For scoring benchmarks, we add 200,000 randomly-generated, non-homologous decoy sequences to the test set. We use synthetic sequences in order to avoid penalizing a method that identifies remote, previously unknown evolutionary relationships. Decoys are created with characters drawn i.i.d from the nucleotide composition of the positive test sequences, with the length of each decoy matching a randomly-selected positive test sequence. We score all of the test and decoy sequences with homology models built using the training MSAs. We measure scoring effectiveness by creating a ROC plot that shows true positive rate, or sensitivity, as a function of false positive rate.

To test the effectiveness of HPMs in remote homology alignment, we measure how accurately each model aligns remote homologs relative to the original alignment. We define accuracy to be the fraction of residues in consensus columns aligned correctly across all test sequences. We do not measure alignment accuracy in insert columns, as pHMMs, pSCFGs, and HPMs do not align characters in insert states.

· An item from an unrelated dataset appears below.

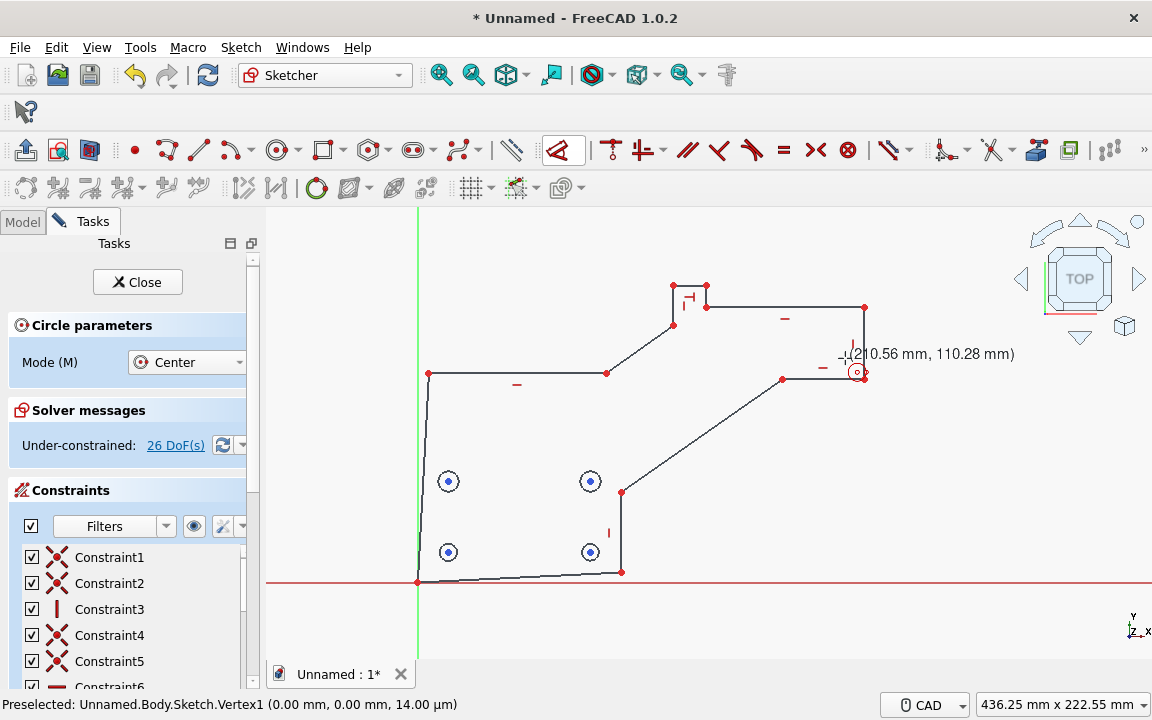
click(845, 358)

Scoring and alignment benchmark results

The chief motivation in using HPMs for homology search is the potential for conserved patterns of pairwise evolution to be captured by the all-by-all pairwise ekl terms. Are the ekl’s useful for homology search? To answer this question, we compare the performance of default HPMs with all ekl’s included (red curves in Fig 4) against HPMs for which the ekl terms are constrained to 0 when training with Gremlin (“no ekl” HPMs, black curves). A no ekl HPM is similar to a pHMM, but there three key differences: gaps are represented by deletion characters rather than deletion states; sequences are aligned using importance sampling rather than the Viterbi algorithm; and Gremlin uses different prior information than HMMER. The HPM outperforms the no ekl HPM in both the tRNA and Twister ribozyme benchmarks, showing greater sensitivity in the ROC plots in Fig 4. (In the SAM riboswitch benchmark, every method tested is able to fully separate homologous test and decoy sequences.) In the three alignment benchmarks (see Table 2), the all-by-all HPM is more accurate than the no ekl HPM. We conclude ekl’s generally add sensitivity to remote homology search and alignment.

Fig 4. Remote homology scoring benchmark results.

Fig 4

Receiver operating characteristic (ROC) plots for the tRNA (A) and Twister type P1 ribozyme (B) benchmarks. The X axis is the fraction of decoys that score higher than a certain threshold (false positive rate), and the Y axis is the fraction of homologous test sequences that score higher than the same threshold (true positive rate, or sensitivity). In the SAM riboswitch benchmark, each model perfectly discriminates homologs from decoys.

Table 2. Remote homology alignment benchmark results.
Model Total Accuracy Nested Base Pairs Pseudoknotted Base Pairs Other Positions
tRNA
HPM 0.863 0.871 N/A 0.850
No ekl HPM 0.700 0.696 N/A 0.706
HMMER 0.641 0.642 N/A 0.639
Infernal 0.901 0.938 N/A 0.843
Nested HPM 0.879 0.900 N/A 0.846
Twister Ribozyme
HPM 0.762 0.762 0.940 0.669
No ekl HPM 0.622 0.592 0.848 0.550
HMMER 0.683 0.675 0.873 0.597
Infernal 0.718 0.766 0.880 0.563
Nested HPM 0.784 0.782 0.980 0.686
Pseudoknotted HPM 0.794 0.797 0.980 0.694
SAM Riboswitch
HPM 0.748 0.753 0.918 0.711
No ekl HPM 0.733 0.737 0.918 0.693
HMMER 0.847 0.851 0.984 0.817
Infernal 0.977 0.993 0.984 0.956
Nested HPM 0.911 0.930 0.984 0.873
Pseudoknotted HPM 0.894 0.916 0.918 0.861

Total alignment accuracy is measured as the fraction of residues in consensus columns aligned correctly across all test sequences, relative to the reference alignment. Accuracy across consensus columns with different types of secondary structure annotation is also included.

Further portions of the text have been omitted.